Brief: Figure out the number of lines in the data that hold the string "width". Reply with that figure only.

+++ Information provided

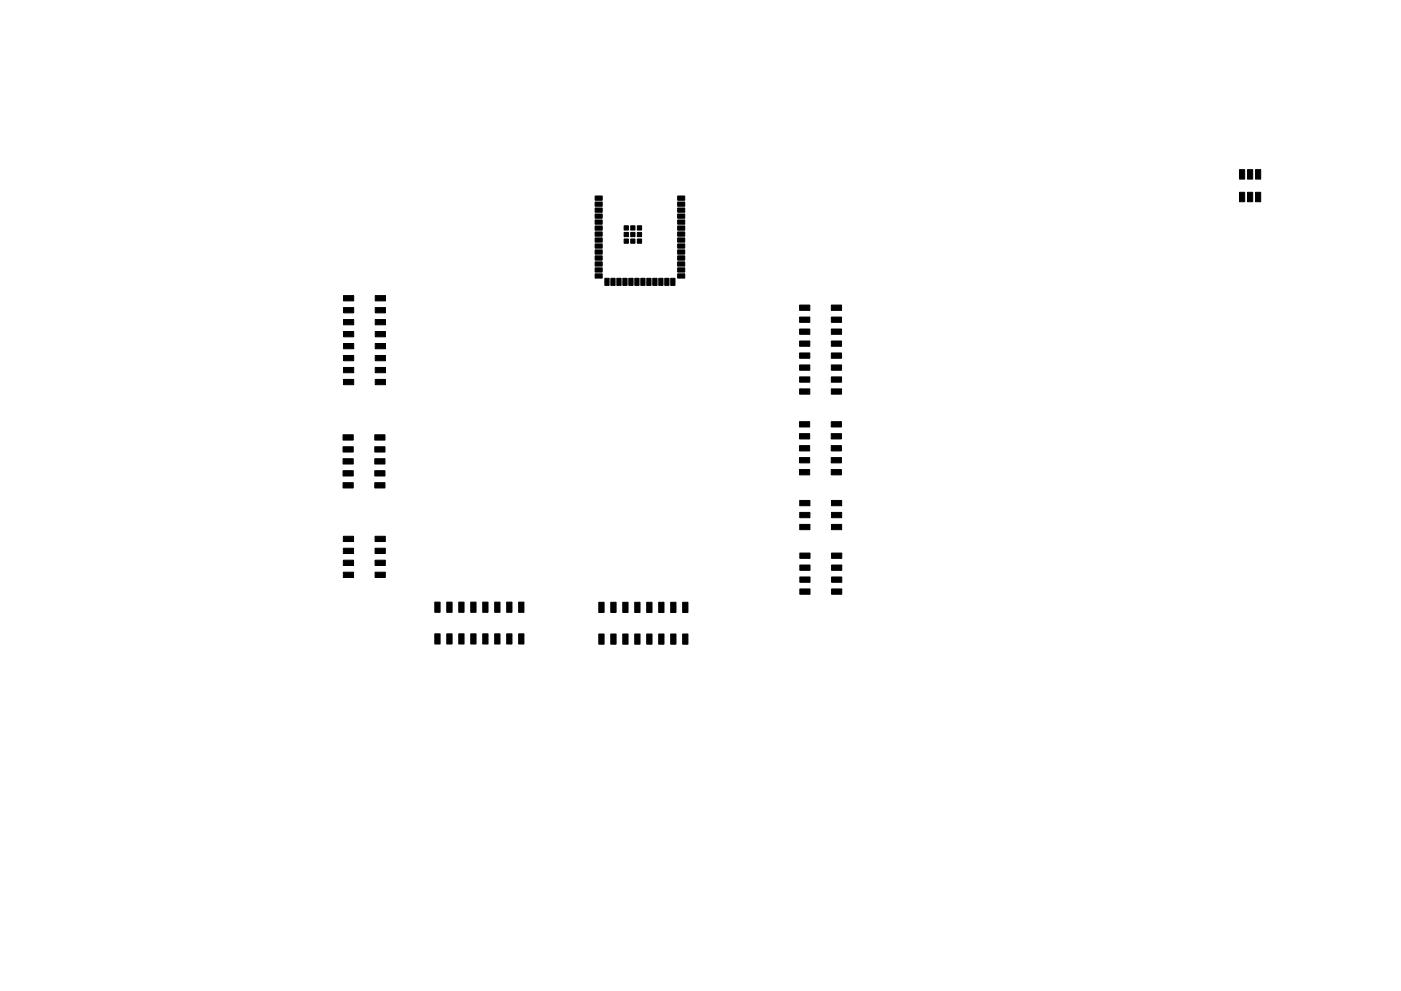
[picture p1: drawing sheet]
<svg xmlns="http://www.w3.org/2000/svg" width="297mm" height="210mm" viewBox="0 0 297 210" stroke-linecap="round" stroke-linejoin="round" font-family="sans-serif">
<g fill="#000" stroke="#000" stroke-width=".21">
<path d="M262.8 36h1.1v2h-1.1zM264.5 36h1.1v2h-1.1zM266.2 36h1.1v2h-1.1zM126.2 41.6h1.5v.9h-1.5zM126.2 42.9h1.5v.9h-1.5zM126.2 44.1h1.5v.9h-1.5zM126.2 45.4h1.5v.9h-1.5zM126.2 46.7h1.5v.9h-1.5zM126.2 47.9h1.5v.9h-1.5zM126.2 49.2h1.5v.9h-1.5zM126.2 50.5h1.5v.9h-1.5zM126.2 51.7h1.5v.9h-1.5z"/>
<path d="M126.2 53h1.5v.9h-1.5zM126.2 54.3h1.5v.9h-1.5zM126.2 55.6h1.5v.9h-1.5zM126.2 56.8h1.5v.9h-1.5zM126.2 58.1h1.5v.9h-1.5zM132.3 47.9h.9v.9h-.9zM132.3 49.3h.9v.9h-.9zM132.3 50.7h.9v.9h-.9zM133.7 49.3h.9v.9h-.9zM133.7 47.9h.9v.9h-.9zM133.7 50.7h.9v.9h-.9zM135.1 50.7h.9v.9h-.9z"/>
<path d="M135.1 49.3h.9v.9h-.9zM135.1 47.9h.9v.9h-.9zM143.7 58.1h1.5v.9h-1.5zM143.7 56.8h1.5v.9h-1.5zM143.7 55.6h1.5v.9h-1.5zM143.7 54.3h1.5v.9h-1.5zM143.7 53h1.5v.9h-1.5zM143.7 51.7h1.5v.9h-1.5zM143.7 50.5h1.5v.9h-1.5zM143.7 49.2h1.5v.9h-1.5zM143.7 47.9h1.5v.9h-1.5zM143.7 46.7h1.5v.9h-1.5z"/>
<path d="M143.7 45.4h1.5v.9h-1.5zM143.7 44.1h1.5v.9h-1.5zM143.7 42.9h1.5v.9h-1.5zM143.7 41.6h1.5v.9h-1.5zM262.8 40.8h1.1v2h-1.1zM264.5 40.8h1.1v2h-1.1zM266.2 40.8h1.1v2h-1.1zM72.8 62.7h2.2v1.1h-2.2zM72.8 65.3h2.2v1.1h-2.2zM72.8 67.8h2.2v1.1h-2.2zM72.8 70.3h2.2v1.2h-2.2zM72.8 72.9h2.2v1.1h-2.2z"/>
<path d="M72.8 75.4h2.2v1.1h-2.2zM72.8 78h2.2v1.1h-2.2zM79.6 78h2.1v1.1h-2.1zM79.6 75.4h2.1v1.1h-2.1zM79.6 72.9h2.1v1.1h-2.1zM79.6 70.3h2.1v1.2h-2.1zM79.6 67.8h2.1v1.1h-2.1zM79.6 65.3h2.1v1.1h-2.1zM79.6 62.7h2.1v1.1h-2.1zM128.2 59h.9v1.5h-.9zM129.5 59h.9v1.5h-.9zM130.8 59h.9v1.5h-.9z"/>
<path d="M132.1 59h.9v1.5h-.9zM133.3 59h.9v1.5h-.9zM134.6 59h.9v1.5h-.9zM135.9 59h.9v1.5h-.9zM137.1 59h.9v1.5h-.9zM138.4 59h.9v1.5h-.9zM139.7 59h.9v1.5h-.9zM140.9 59h.9v1.5h-.9zM142.2 59h.9v1.5h-.9zM169.5 64.7h2.2v1.1h-2.2zM169.5 67.3h2.2v1.1h-2.2zM169.5 69.8h2.2v1.1h-2.2z"/>
<path d="M169.5 72.3h2.2v1.2h-2.2zM169.5 74.9h2.2v1.1h-2.2zM169.5 77.4h2.2v1.1h-2.2zM169.5 80h2.2v1.1h-2.2zM176.3 80h2.1v1.1h-2.1zM176.3 77.4h2.1v1.1h-2.1zM176.3 74.9h2.1v1.1h-2.1zM176.3 72.3h2.1v1.2h-2.1zM176.3 69.8h2.1v1.1h-2.1zM176.3 67.3h2.1v1.1h-2.1zM176.3 64.7h2.1v1.1h-2.1zM72.7 92.2h2.2v1.2h-2.2z"/>
<path d="M72.7 94.8h2.2v1.1h-2.2zM72.7 97.3h2.2v1.1h-2.2zM72.8 80.5h2.2v1.1h-2.2zM79.5 97.3h2.1v1.1h-2.1zM79.5 94.8h2.1v1.1h-2.1zM79.5 92.2h2.1v1.2h-2.1zM79.6 80.5h2.1v1.1h-2.1zM169.5 89.5h2.2v1.1h-2.2zM169.5 92h2.2v1.1h-2.2zM169.5 94.5h2.2v1.2h-2.2zM169.5 97.1h2.2v1.1h-2.2zM169.5 82.5h2.2v1.1h-2.2z"/>
<path d="M176.2 97.1h2.2v1.1h-2.2zM176.2 94.5h2.2v1.2h-2.2zM176.2 92h2.2v1.1h-2.2zM176.2 89.5h2.2v1.1h-2.2zM176.3 82.5h2.1v1.1h-2.1zM72.7 99.9h2.2v1.1h-2.2zM72.7 102.4h2.2v1.1h-2.2zM72.8 113.8h2.2v1.1h-2.2zM72.8 116.3h2.2v1.1h-2.2zM72.8 118.9h2.2v1.1h-2.2zM79.5 102.4h2.1v1.1h-2.1zM79.5 99.9h2.1v1.1h-2.1z"/>
<path d="M79.5 118.9h2.2v1.1h-2.2zM79.5 116.3h2.2v1.1h-2.2zM79.5 113.8h2.2v1.1h-2.2zM169.5 99.6h2.2v1.1h-2.2zM169.6 106.2h2.1v1.1h-2.1zM169.6 108.7h2.1v1.1h-2.1zM169.6 111.3h2.1v1.1h-2.1zM169.6 117.3h2.1v1.2h-2.1zM176.2 99.6h2.2v1.1h-2.2zM176.3 111.3h2.1v1.1h-2.1zM176.3 108.7h2.1v1.1h-2.1zM176.3 106.2h2.1v1.1h-2.1z"/>
<path d="M176.3 117.3h2.2v1.2h-2.2zM72.8 121.4h2.2v1.1h-2.2zM79.5 121.4h2.2v1.1h-2.2zM92.2 134.5h1.1v2.1h-1.1zM92.2 127.7h1.1v2.2h-1.1zM94.7 134.5h1.1v2.1h-1.1zM94.7 127.7h1.1v2.2h-1.1zM97.3 134.5h1.1v2.1h-1.1zM97.3 127.7h1.1v2.2h-1.1zM99.8 134.5h1.1v2.1h-1.1zM99.8 127.7h1.1v2.2h-1.1zM102.3 134.5h1.2v2.1h-1.2z"/>
<path d="M102.3 127.7h1.2v2.2h-1.2zM104.9 134.5h1.1v2.1h-1.1zM104.9 127.7h1.1v2.2h-1.1zM107.4 134.5h1.1v2.1h-1.1zM107.4 127.7h1.1v2.2h-1.1zM110 134.5h1.1v2.1h-1.1zM110 127.7h1.1v2.2h-1.1zM127 134.5h1.1v2.2h-1.1zM127 127.8h1.1v2.1h-1.1zM129.5 134.5h1.1v2.2h-1.1zM129.5 127.8h1.1v2.1h-1.1zM132 134.5h1.2v2.2h-1.2z"/>
<path d="M132 127.8h1.2v2.1h-1.2zM134.6 134.5h1.1v2.2h-1.1zM134.6 127.8h1.1v2.1h-1.1zM137.1 134.5h1.1v2.2h-1.1zM137.1 127.8h1.1v2.1h-1.1zM139.7 134.5h1.1v2.2h-1.1zM139.7 127.8h1.1v2.1h-1.1zM142.2 134.5h1.1v2.2h-1.1zM142.2 127.8h1.1v2.1h-1.1zM144.7 134.5h1.2v2.2h-1.2zM144.7 127.8h1.2v2.1h-1.2zM169.6 119.9h2.1v1.1h-2.1z"/>
<path d="M169.6 122.4h2.1v1.1h-2.1zM169.6 125h2.1v1.1h-2.1zM176.3 125h2.2v1.1h-2.2zM176.3 122.4h2.2v1.1h-2.2zM176.3 119.9h2.2v1.1h-2.2z"/>
</g>
</svg>

++++++

Output of the task: 2